In 'Cours d'arithmetique', Serre mentions in passing the following fact (communicated to him by Bombieri): Let P be the set of primes whose first (most significant) digit in decimal notation is 1. Then P possesses an analytic density, defined as
$\lim_{s \to 1^+} \frac{\sum_{p \in P} p^{-s}}{\log(\frac{1}{s-1})}$.
This is an interesting example since it's easy to see that this set does not have a 'natural' density, defined simply as the limit of the proportion of elements in P to the # of all primes up to $x$, as $x$ tends to infinity. Therefore the notion of analytic density is a genuine extension of the naive notion (they do coincide when both exist).
How would one go about proving that P has an analytic density?
EDIT: This question has been asked again a few years ago, and it is my fault. I did accept Ben Weiss' answer but I couldn't back then check the papers, and it turns out that they don't actually answer my question! So, please refer to the newer version of the question for additional information.
Best Answer
I think instead of posting my own explanation (which will only lose something in the translation) I'll instead refer you to two very interesting papers (thanks for posting this question, I haven't thought about this stuff in a couple years, and these papers were interesting reads to solve your problem.)
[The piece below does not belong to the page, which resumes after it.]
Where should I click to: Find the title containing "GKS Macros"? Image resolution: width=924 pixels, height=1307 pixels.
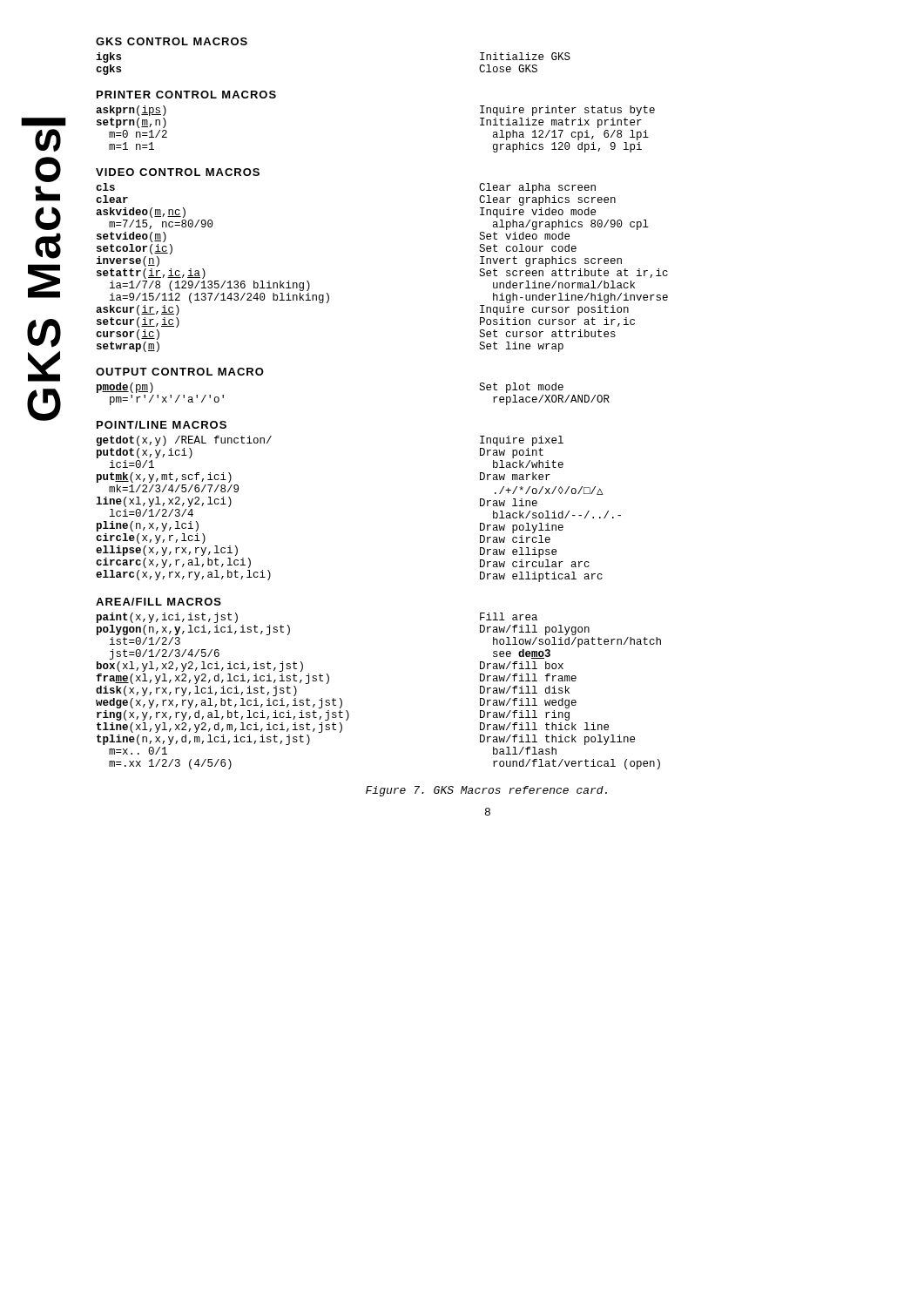pyautogui.click(x=44, y=274)
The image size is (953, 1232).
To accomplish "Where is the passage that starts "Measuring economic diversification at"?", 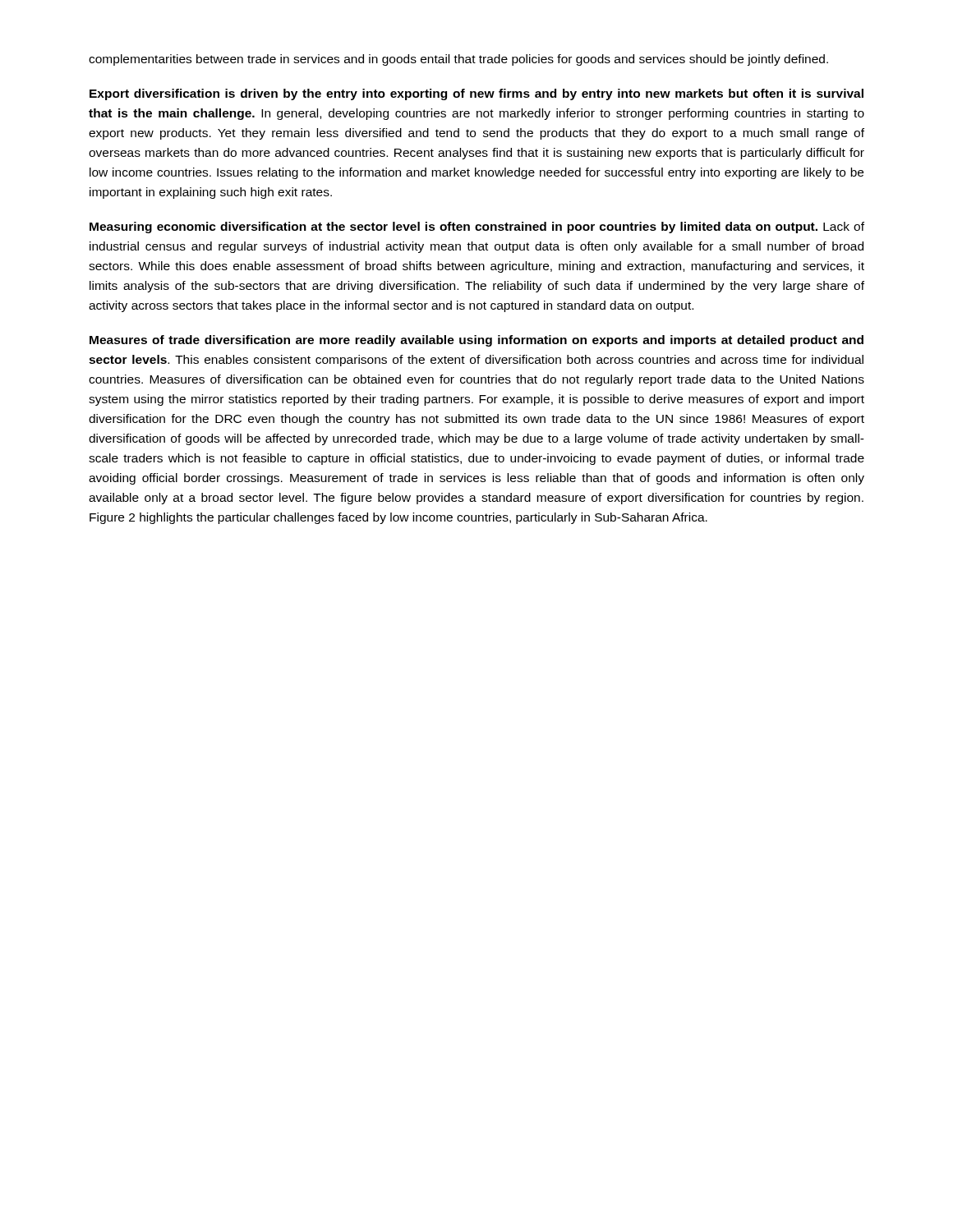I will [x=476, y=266].

The first (among other things) proves that the density of primes with leading coefficient $k$ is $\log_{10}\left(\frac{k +1}{k}\right).$
Prime numbers and the first digit phenomenon by Daniel I. A. Cohen* and Talbot M. Katz in Journal of number theory 18, 261-268 (1984)
The second is a more general statement about first digits. It is
The first digit problem by Ralph Raimi in American Math Monthly vol 83 No 7
Hope this all helps.